# 2023-01-03 Error handling in Bash

Undesired behaviour - an error, can manifest in various ways. In most high-level
programming languages errors are represented as dedicated objects, allowing to
handle them without interrupting program execution. They usually require
developer to explicitly mark bad program flows by throwing or raising problem
description. Bash don't provide any special syntax for this. Instead it allows
to hook custom actions when non-zero exit code from command occurs. It's not
universally treated as an error, since some applications use more than one exit
code to signal success. Yet Bash contains some builtin commands and options named
after _error_ for handling such cases.

## Unofficial strict mode

So called _unofficial strict mode_ consist of the following options:

```
set -o errexit
set -o nounset
set -o pipefail
```

and is usually shortened to `set -euo pipefail`. It's probably the easiest for
starter, but it doesn't provide much information about error when it actually
happens.

> **NOTE**: Even with above flags Bash will ignore some problems like non-zero
> exit code from subshell invoked in builtin command invocation.
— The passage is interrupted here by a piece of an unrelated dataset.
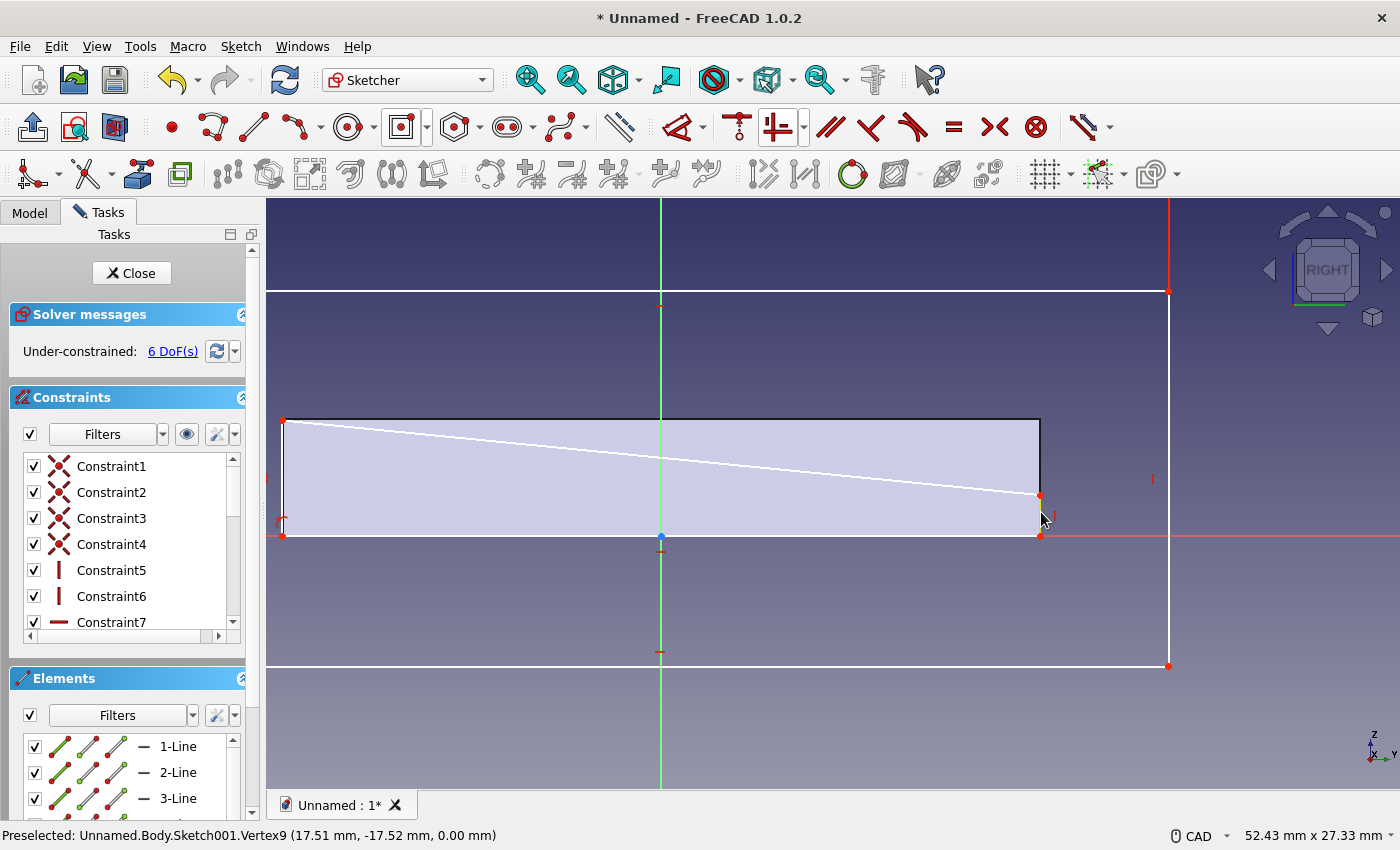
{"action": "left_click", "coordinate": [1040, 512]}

It's the best
> to always check scripts additionally with tools like
> [Shellcheck](https://www.shellcheck.net/) and review [Bash Pitfalls
> wiki](https://mywiki.wooledge.org/BashPitfalls).

## Using traps

When everything else fails, script can be always launched with `bash -x` or `set
-o xtrace`, but it can be overkill for bigger solutions and might reveal
confidential data from variables. Another approach requires to define trap
functions. They act as hooks and run only on POSIX signals or when some specific
condition is met. See example with `ERR` trap signal below:

```shell
##!/usr/bin/env bash

set -euo pipefail

on_error() {
	declare exit_code=$?
	echo "Something went wrong!" >&2
	exit "$exit_code"
}

trap on_error ERR

ls /nonexistent
```

Upon execution it prints:

```
ls: cannot access '/nonexistent': No such file or directory
Something went wrong!
```

`ls` might not be the best example here, since it describes what went wrong by
itself, but imagine checking for TCP port availability with OpenBSD `netcat`:

```
# ...

nc -zw 3 127.0.0.1 22
```

We wouldn't know that there was error, unless we printed last exit code `echo
$?`. With `ERR` trap useful message appears without any further interaction and
program stops, if we also use `errexit`.

There's edge case in above solution when we use functions. They don't inherit
`ERR` trap, unless we use `errtrace` option. Now strict mode looks like this
`set -eEuo pipefail`.

It's usually enough for small scripts, but we have to guess why program
stopped, if error can appear in multiple places. `BASH_COMMAND` can be used to
show exactly which command caused script to fail:

```
#!/usr/bin/env bash

set -eEuo pipefail

on_error() {
	declare \
		cmd=$BASH_COMMAND \
		exit_code=$?
	echo "Failing with exit code ${exit_code} at ${BASH_SOURCE[0]}:${FUNCNAME[0]} in command: ${cmd}" >&2
	exit "$exit_code"
}

trap 'on_error ${BASH_SOURCE[0]}:${BASH_LINENO[0]}' ERR

function_a() {
	nc -zw 3 127.0.0.1 22
}

function_b() {
	function_a
}

function_b
```

It save us some time when error occurs without `xtrace`:

```
Failing with exit code 1 at /home/jakub/d/kb/other/t.sh:20 in command: nc -zw 3 127.0.0.1 22
```

## Printing call traces

Additionally Bash provides some diagnostic variables defined as arrays, which
can be used to locate where error happened:

- `BASH_SOURCE` - Source file of currently executed function. It's not always
  available, since scripts can be sourced from arbitrary file descriptors.
- `FUNCNAME` - Currently executed function name.
- `BASH_LINENO` - Line number from source file.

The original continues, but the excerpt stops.